Charge can then leak away from individual floating gates in the chip, causing those memory cells to change value unexpectedly and cause data errors.
(Metaphorically speaking, the floating gate no longer floats reliably on its nanometric sea of insulation.)
In other words, flash memory can, figuratively and literally, wear out.
That’s the best guess at what’s wrong on Opportunity, with a dozen unplanned system reboots in the past month.
The rover can run entirely from non-flash memory, but the faults and the reboots are getting in the way of science, because the flash is where experimental results are recorded for later transmission back to earth.
So JPL’s reformat-and-restore is not merely the “hit and hope” exercise that it may feel like when someone from your IT team reimages your laptop.
While they are reformatting the flash on board Opportunity, the JPL sysadmins can also test its performance, build up a map of unreliable areas, and avoid them in future.
That should give the flash a new lease of life, albeit with a slightly reduced capacity, allowing scientific and exploratory work to be resumed in full.
Anyway, if you live in the Pasadena area and you notice a sudden downward blip in barometric pressure in the next few days…
…that’ll be the JPL techies all taking big breaths at the same time.
Let’s hope the NASA geeks who coded the operational smarts into the Opportunity Rover aren’t like these users we jested about back at Sysmas:
(Check out more videos on our YouTube channel)
Image of Mars courtesy NASA/JPL/MSSS
Why does this mention different Wondoze versions when NASA used VxWorks for Spirit, Opportunity and Curiosity? Actually VxWorks is used for many hard science space programs. Specifically it is a specially qualified version that is tested to death and run on radiation hardened processors in multiply redundant hardware. Nothing you’d ever use Windoze for. Talk to Wind River if you want a really reliable embedded O/S that does what it is supposed to when it is supposed to.
See my reply below to @microfish. That part of the article deals with a “when,” not a “what.” It’s pretty usual to pick a well-known event (whether you loved it or hated it) to help you with chronology, like “the Victorian era” to mean the back end of the 19th century; or “the year England last won the Football World Cup” for 1996; or “the date that Zimbabwe last thrashed Australia at cricket.” (Sorry, Aussies.
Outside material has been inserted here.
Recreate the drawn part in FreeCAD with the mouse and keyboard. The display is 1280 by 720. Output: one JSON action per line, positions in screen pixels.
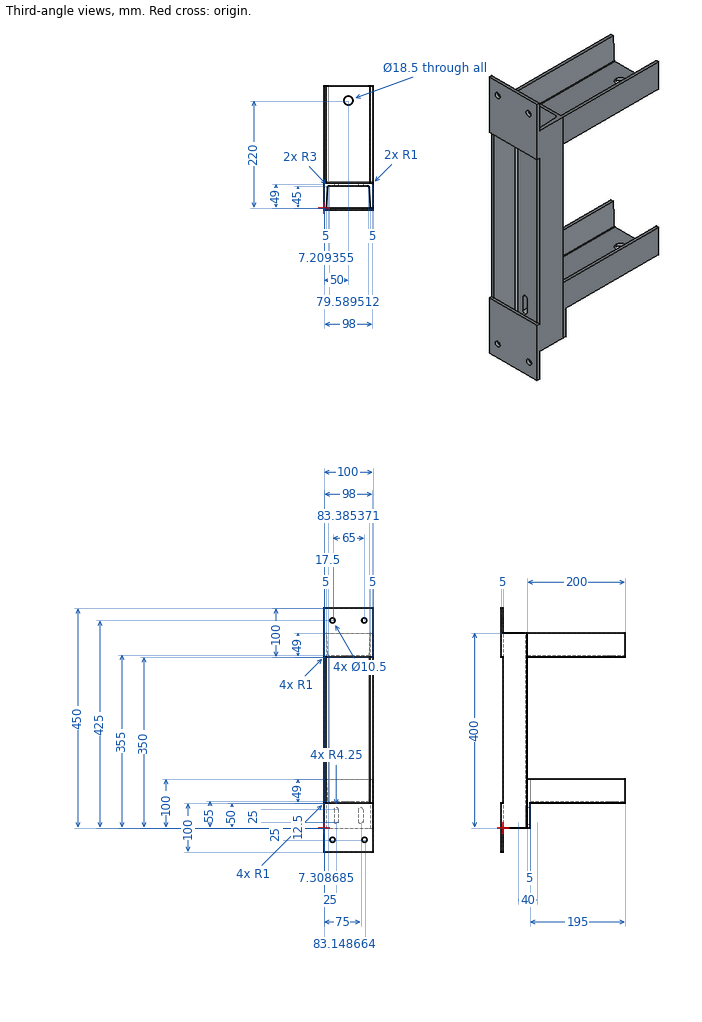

That was yesterday. Last time before yesterday, 31 years ago π
As for vulnerabilities – Curiosity Rover ended up with a buffer overflow bug in its data compression code that had been there since “before Windows 95 came out”, to use another Microsoft release as a historical milestone.
No endorsement, expressed or implied.
The 1996 World Cup. Who could forget it…
Hey, don’t knock it, we won apparently ; )
Great plug for your company! I will definitely buy VxWorks from you when I purchase my next space probe.
Purchase? *Purchase*?
Private space exploration is all the rage these days (ask Elon Musk :-).
You don’t want to be *purchasing* a space probe, you want to be *building* one. Remember the old proverb: a journey of 150 million miles starts with a single rocket motor…
” is not merely the “hit and hope” exercise that it may feel like when someone from your IT team reimages your laptop.”
Well if you stopped going to questionable sites, and stopped letting your kids surf the web on your company laptop your IT team wouldn’t have to keep reimaging your virus-laden laptop.
Drive-by downloads don’t restrict themselves to ‘questionable’ websites.
JPL uses Windows on mission critical systems? Are you serious?
I don’t think the article suggests for a moment that any of the Mars Rovers uses Windows. (I don’t think you think it does, either π
It’s a historical reference aimed at helping readers decide how big or small 256MBbyte flash would have seemed back then. Like it or not, XP is more useful as a historical milestone than…well, than pretty much every other piece of software out there.